━━━ Source material ━━━

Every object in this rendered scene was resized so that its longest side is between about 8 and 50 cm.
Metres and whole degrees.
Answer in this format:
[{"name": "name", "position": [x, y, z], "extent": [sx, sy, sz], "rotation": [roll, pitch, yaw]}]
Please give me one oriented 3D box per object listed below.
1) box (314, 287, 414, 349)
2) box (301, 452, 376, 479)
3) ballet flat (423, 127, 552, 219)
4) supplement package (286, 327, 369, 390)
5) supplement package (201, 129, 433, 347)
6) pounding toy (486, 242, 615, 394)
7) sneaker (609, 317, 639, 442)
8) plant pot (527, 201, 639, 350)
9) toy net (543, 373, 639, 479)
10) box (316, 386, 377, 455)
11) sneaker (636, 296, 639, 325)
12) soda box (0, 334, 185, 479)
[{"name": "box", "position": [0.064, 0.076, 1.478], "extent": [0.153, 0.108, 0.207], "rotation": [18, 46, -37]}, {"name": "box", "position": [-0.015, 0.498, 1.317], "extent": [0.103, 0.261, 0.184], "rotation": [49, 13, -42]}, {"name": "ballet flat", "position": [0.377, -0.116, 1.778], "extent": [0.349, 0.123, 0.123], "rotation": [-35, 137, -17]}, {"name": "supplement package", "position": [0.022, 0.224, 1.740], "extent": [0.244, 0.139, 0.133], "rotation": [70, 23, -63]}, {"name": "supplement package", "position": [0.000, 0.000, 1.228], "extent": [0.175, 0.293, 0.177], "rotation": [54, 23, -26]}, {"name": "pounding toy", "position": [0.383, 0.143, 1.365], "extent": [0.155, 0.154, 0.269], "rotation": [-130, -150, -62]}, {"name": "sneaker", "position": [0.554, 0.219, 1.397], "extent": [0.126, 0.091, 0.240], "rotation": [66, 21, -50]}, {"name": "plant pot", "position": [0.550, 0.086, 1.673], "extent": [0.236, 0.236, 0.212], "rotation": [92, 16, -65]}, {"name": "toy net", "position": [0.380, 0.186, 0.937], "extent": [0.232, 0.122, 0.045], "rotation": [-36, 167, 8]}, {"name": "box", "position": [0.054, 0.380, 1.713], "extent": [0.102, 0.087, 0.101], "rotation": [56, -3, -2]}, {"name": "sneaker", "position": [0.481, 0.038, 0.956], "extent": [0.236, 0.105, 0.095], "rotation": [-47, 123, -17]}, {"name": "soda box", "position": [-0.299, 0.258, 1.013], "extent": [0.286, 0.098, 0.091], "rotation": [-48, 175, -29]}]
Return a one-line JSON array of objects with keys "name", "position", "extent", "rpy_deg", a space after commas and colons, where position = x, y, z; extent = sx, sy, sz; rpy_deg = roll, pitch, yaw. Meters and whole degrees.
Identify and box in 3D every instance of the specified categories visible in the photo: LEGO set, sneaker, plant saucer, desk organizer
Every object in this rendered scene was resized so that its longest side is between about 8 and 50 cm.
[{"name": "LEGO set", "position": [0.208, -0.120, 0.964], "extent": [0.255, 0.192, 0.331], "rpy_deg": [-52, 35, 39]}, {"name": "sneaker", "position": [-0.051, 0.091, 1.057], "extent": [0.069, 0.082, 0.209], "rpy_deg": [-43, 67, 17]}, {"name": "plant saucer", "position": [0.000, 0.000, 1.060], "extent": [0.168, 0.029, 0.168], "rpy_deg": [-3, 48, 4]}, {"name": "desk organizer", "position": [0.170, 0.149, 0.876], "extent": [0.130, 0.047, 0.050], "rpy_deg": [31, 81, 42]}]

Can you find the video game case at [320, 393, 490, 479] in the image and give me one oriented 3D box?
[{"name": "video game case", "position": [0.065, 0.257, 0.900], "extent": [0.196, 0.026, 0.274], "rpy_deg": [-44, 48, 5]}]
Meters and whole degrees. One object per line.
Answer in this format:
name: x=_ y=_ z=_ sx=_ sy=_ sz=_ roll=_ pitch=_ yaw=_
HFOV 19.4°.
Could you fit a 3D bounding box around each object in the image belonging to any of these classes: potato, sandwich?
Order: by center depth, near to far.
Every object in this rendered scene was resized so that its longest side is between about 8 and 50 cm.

━━━

> Work order:
In the listing above, find the line containing "1) box (314, 287, 414, 349)" and the line containing "11) sneaker (636, 296, 639, 325)". Output them and every line between, exactly, and nothing else.

> Result:
1) box (314, 287, 414, 349)
2) box (301, 452, 376, 479)
3) ballet flat (423, 127, 552, 219)
4) supplement package (286, 327, 369, 390)
5) supplement package (201, 129, 433, 347)
6) pounding toy (486, 242, 615, 394)
7) sneaker (609, 317, 639, 442)
8) plant pot (527, 201, 639, 350)
9) toy net (543, 373, 639, 479)
10) box (316, 386, 377, 455)
11) sneaker (636, 296, 639, 325)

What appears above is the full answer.